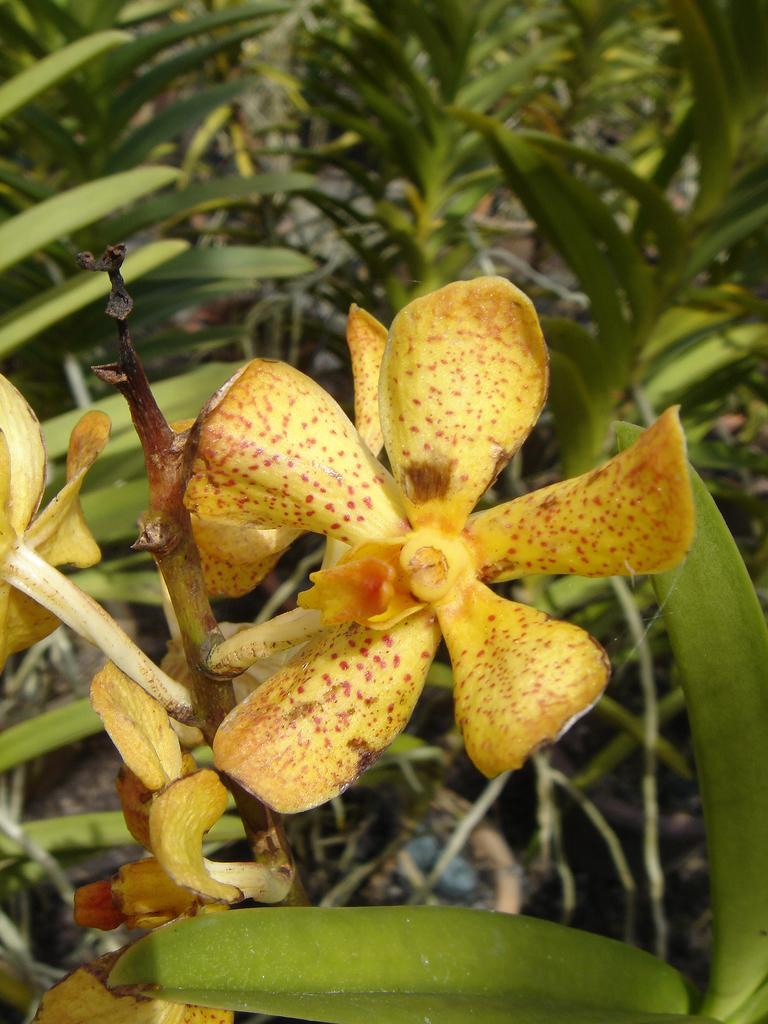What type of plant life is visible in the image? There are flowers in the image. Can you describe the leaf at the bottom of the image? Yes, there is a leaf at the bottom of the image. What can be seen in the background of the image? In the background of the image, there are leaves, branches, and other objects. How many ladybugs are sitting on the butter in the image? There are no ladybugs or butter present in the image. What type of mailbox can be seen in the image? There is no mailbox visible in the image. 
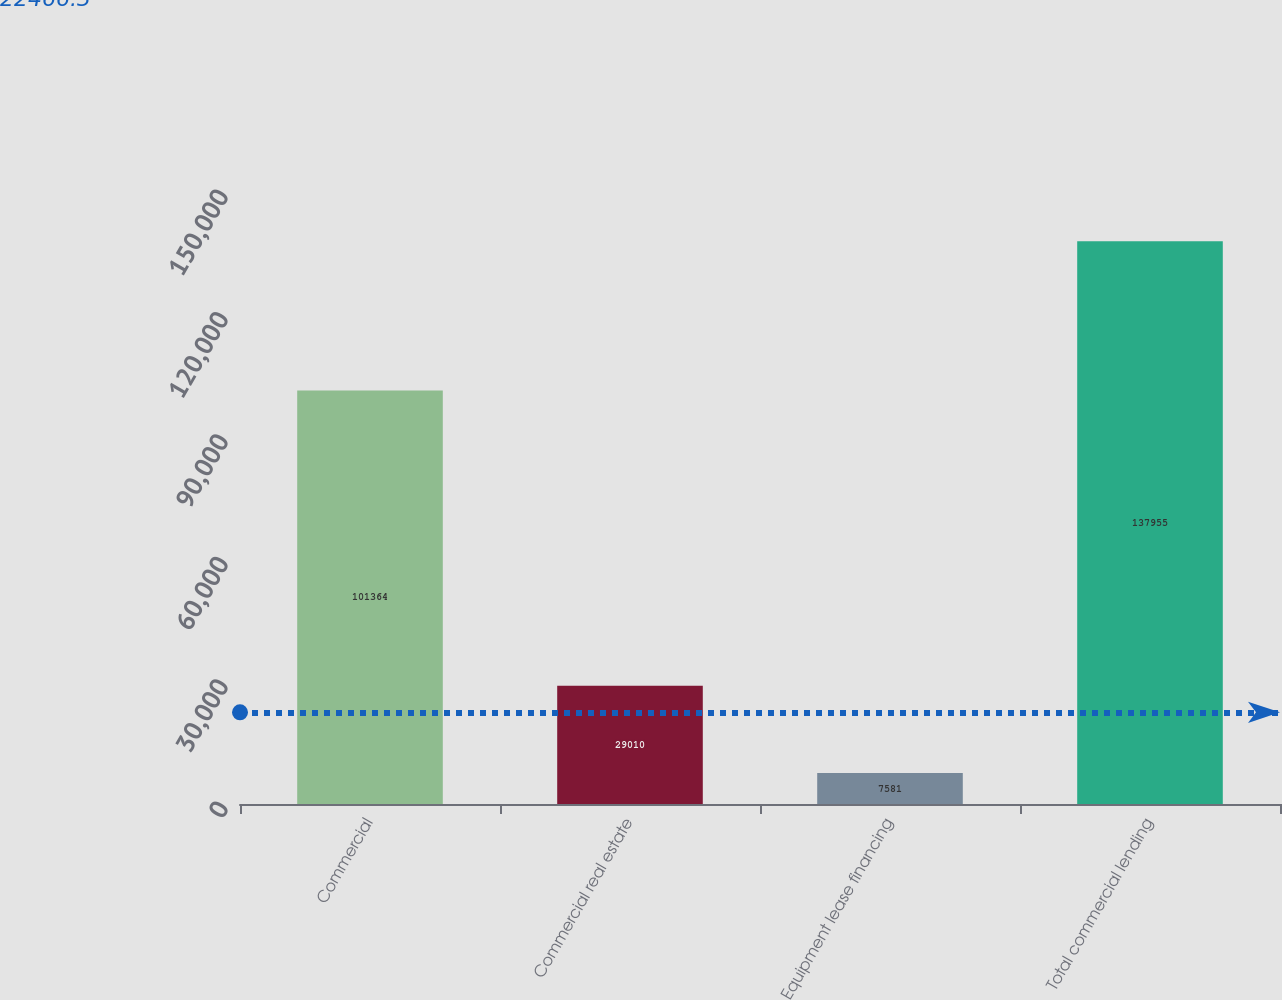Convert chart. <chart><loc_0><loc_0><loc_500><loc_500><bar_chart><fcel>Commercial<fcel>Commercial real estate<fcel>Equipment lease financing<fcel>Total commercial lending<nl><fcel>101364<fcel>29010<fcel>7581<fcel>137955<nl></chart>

--

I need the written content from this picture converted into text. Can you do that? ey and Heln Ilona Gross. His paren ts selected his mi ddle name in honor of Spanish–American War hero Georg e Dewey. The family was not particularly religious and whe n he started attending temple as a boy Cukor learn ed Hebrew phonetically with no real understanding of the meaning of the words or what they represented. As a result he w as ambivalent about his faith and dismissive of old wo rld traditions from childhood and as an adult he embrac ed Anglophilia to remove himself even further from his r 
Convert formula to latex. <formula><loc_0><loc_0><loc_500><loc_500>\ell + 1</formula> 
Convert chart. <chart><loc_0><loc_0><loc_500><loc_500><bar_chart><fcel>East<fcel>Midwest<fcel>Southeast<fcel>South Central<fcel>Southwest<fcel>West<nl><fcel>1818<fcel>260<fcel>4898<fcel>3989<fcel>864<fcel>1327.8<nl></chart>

==

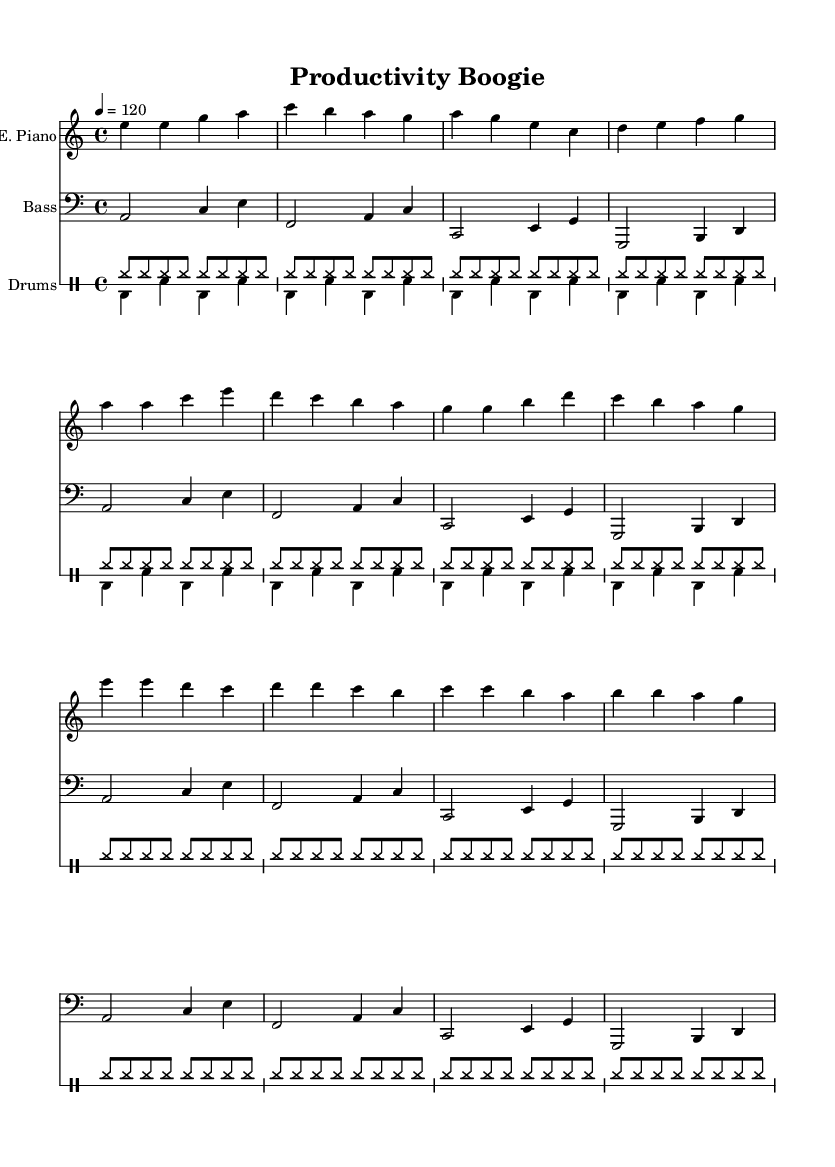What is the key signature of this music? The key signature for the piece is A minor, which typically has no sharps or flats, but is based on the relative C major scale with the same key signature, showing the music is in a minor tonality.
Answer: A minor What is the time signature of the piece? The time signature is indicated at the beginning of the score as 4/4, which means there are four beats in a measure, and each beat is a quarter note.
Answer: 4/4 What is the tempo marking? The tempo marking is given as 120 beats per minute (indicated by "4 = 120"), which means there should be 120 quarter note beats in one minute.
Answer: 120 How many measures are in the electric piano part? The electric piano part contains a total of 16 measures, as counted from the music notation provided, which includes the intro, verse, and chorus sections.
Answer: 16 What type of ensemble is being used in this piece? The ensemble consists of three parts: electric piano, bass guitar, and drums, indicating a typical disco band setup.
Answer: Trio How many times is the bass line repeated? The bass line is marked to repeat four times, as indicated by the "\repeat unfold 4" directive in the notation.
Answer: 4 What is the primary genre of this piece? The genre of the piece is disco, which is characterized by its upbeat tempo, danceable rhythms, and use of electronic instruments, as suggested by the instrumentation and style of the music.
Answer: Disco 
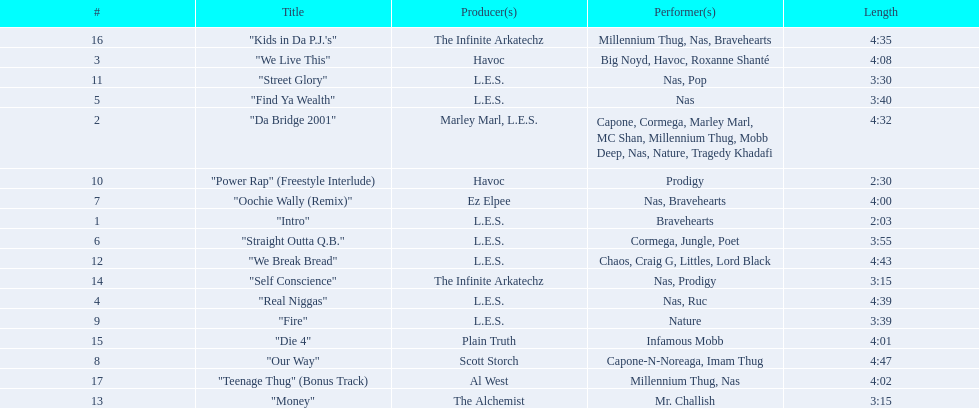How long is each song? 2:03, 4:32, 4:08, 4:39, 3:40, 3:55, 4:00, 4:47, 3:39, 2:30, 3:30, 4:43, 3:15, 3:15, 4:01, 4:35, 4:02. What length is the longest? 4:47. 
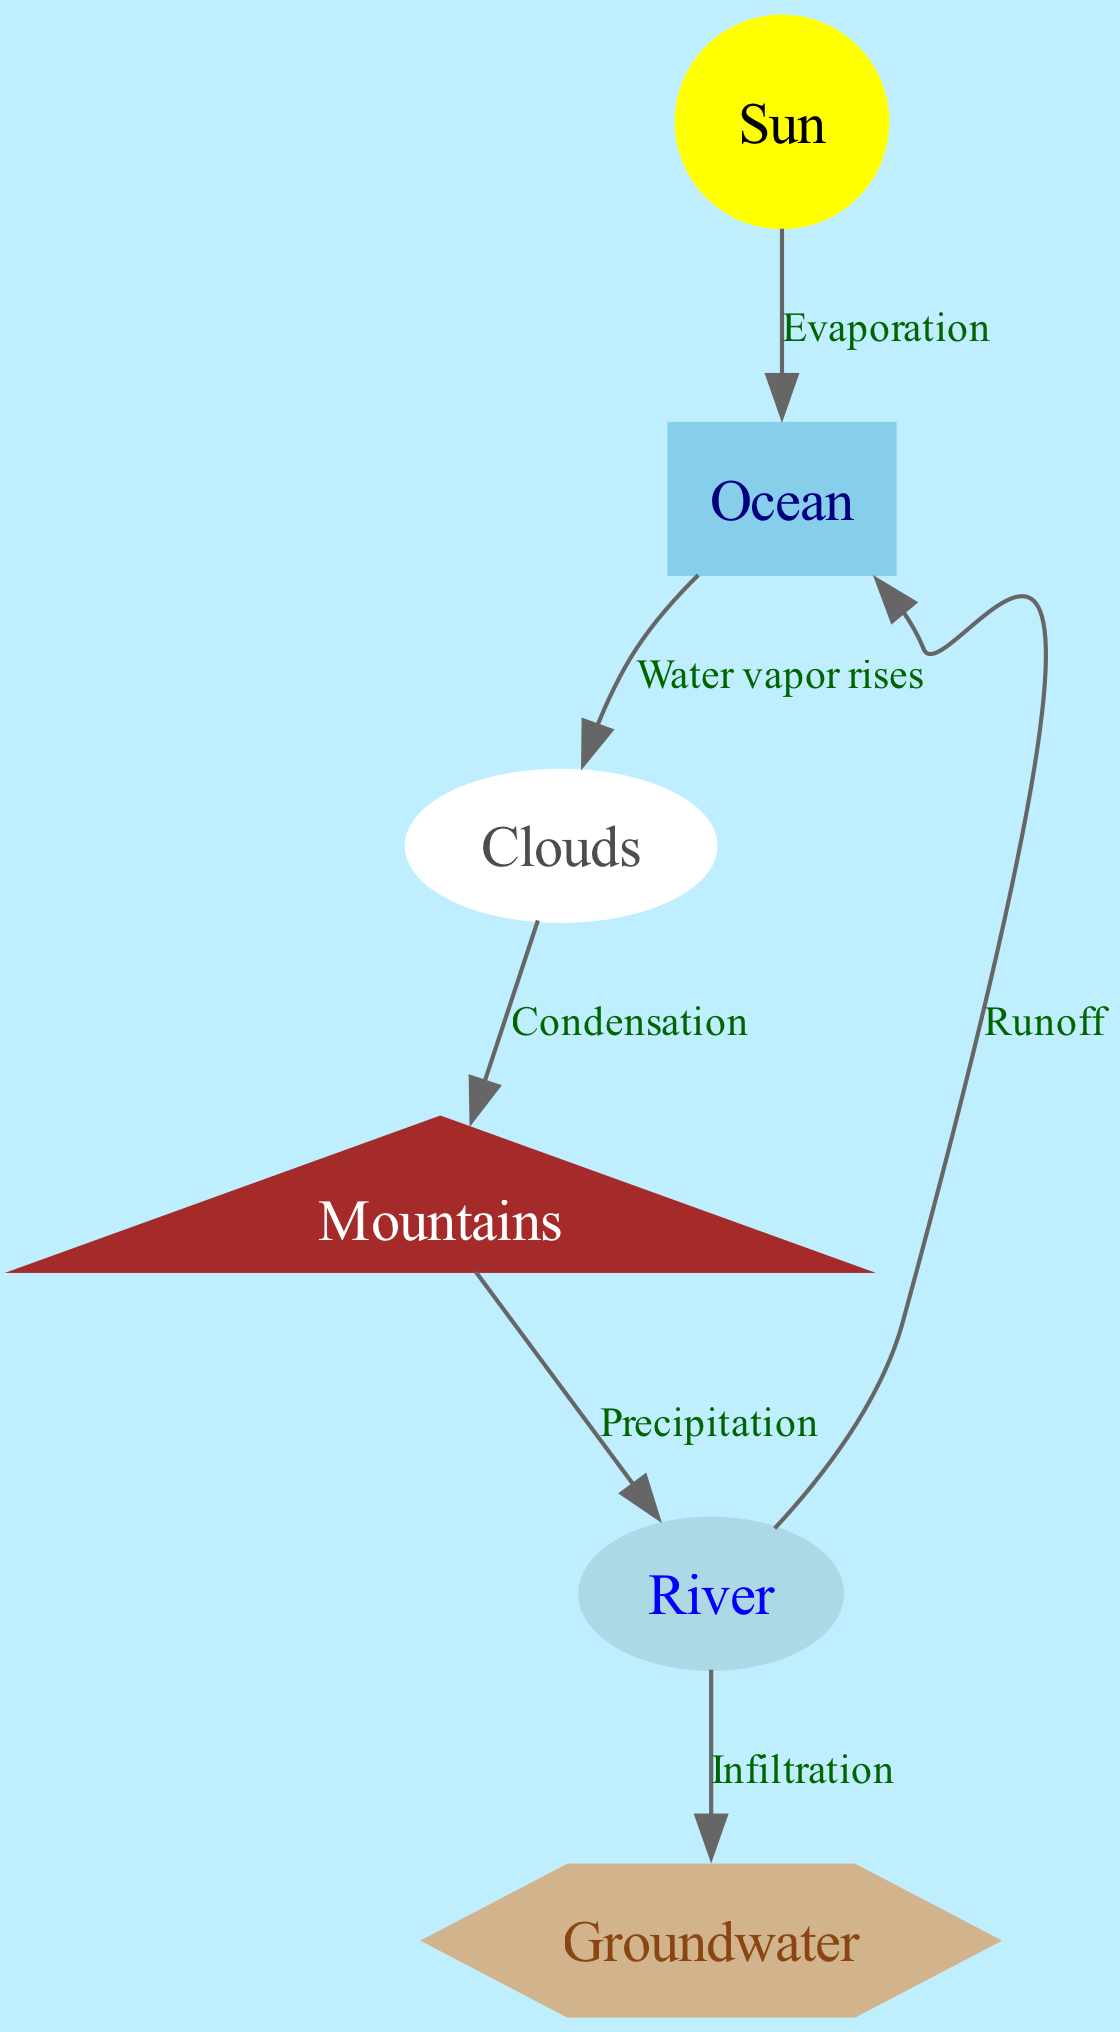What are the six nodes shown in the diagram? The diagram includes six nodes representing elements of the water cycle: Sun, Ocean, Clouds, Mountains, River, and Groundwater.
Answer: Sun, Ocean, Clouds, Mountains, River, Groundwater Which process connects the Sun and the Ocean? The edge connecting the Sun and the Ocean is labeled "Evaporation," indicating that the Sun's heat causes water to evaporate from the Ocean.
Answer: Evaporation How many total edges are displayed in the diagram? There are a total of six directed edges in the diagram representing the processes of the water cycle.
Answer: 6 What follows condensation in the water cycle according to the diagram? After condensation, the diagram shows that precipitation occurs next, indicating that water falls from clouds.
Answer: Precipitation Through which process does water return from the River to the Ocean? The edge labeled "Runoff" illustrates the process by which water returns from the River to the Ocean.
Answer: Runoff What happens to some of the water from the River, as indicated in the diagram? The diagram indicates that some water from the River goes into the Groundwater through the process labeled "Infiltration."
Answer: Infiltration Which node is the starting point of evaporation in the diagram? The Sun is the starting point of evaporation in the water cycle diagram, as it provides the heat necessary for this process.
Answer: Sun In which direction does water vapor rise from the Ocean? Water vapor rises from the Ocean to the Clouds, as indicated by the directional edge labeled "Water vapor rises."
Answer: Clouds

WHAT IS BEING ASKED: Every line above that holds the word "means" is to be found and copied.

WRITTEN RESPONSE:
Answer: A minor What is the time signature of the piece? The time signature is indicated at the beginning of the score as 4/4, which means there are four beats in a measure, and each beat is a quarter note.
Answer: 4/4 What is the tempo marking? The tempo marking is given as 120 beats per minute (indicated by "4 = 120"), which means there should be 120 quarter note beats in one minute.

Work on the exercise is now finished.